Environmental protection groups are demonstrating in several countries against the pumping of cooling water from the Japanese nuclear ruins in Fukushima into the Pacific. The Pacific Forum is also still debating it.
In several countries in the South Pacific, people have protested against the beginning of the discharge of treated cooling water from the Japanese nuclear reactor Fukushima into the sea.
Environmental protection groups organized demonstrations in front of Japan’s diplomatic missions in the New Zealand cities of Auckland and Wellington and in the capital of the island state of Fiji, Suva.
Much criticism of Japan’s approach
Protests had also accompanied the start of the dumping in Japan itself. The operating company Tepco pumped a first batch of filtered and diluted cooling water into a tunnel in the Pacific yesterday.
Several core meltdowns occurred in the Fukushima Daiichi nuclear power plant on March 11, 2011 as a result of a severe earthquake and massive tsunami. Since then, the destroyed reactors have had to be cooled with water. In the meantime, 1.34 million tons of cooling water have collected there.

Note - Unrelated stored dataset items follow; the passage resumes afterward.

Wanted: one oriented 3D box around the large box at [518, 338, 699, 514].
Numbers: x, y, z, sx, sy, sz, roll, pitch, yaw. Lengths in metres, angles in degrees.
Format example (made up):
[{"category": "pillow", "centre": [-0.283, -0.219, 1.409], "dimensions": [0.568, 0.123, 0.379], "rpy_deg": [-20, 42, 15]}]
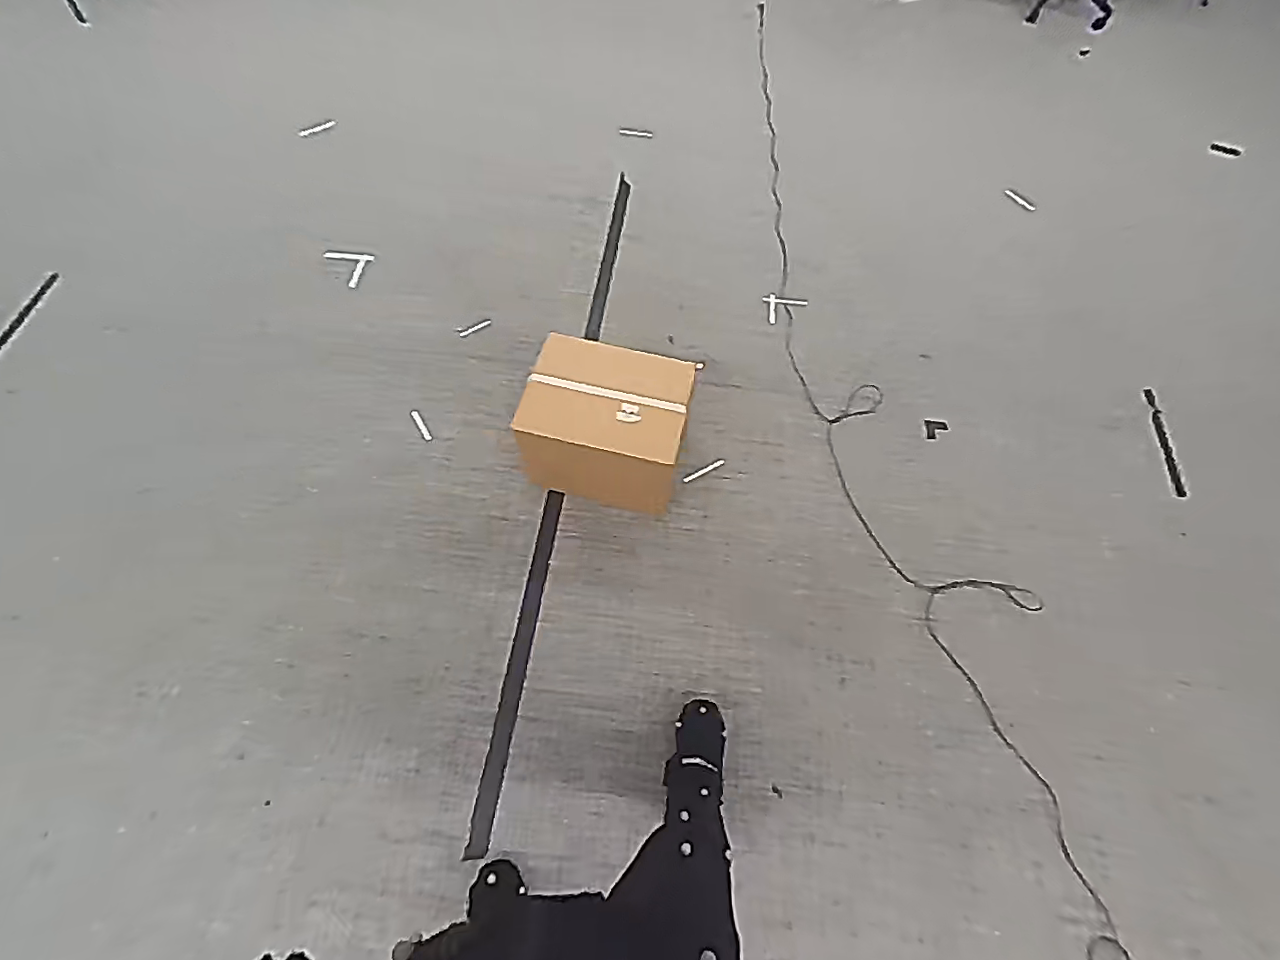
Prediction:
[{"category": "large box", "centre": [-0.080, -0.139, 1.494], "dimensions": [0.408, 0.320, 0.320], "rpy_deg": [14, 63, 4]}]

Harsh criticism of the approach also came from China. In a statement, the Foreign Ministry in Beijing described Japan as a “polluter of the global marine environment”.
Pacific Forum at odds
The Pacific Islands Forum, a group of 18 countries in the region, has so far been unable to find a common position on this. While Palau, Fiji and Papua New Guinea, among others, are officially with Japan, Vanuatu and Tuvalu are against it. The group’s secretary-general, Henry Puna, said the issue was “top priority.”
The forum has always urged Japan to comment on any potential dangers of the dumping, and relies on it not to do so unless it is safe, Puna said. There will be further meetings of the forum on this.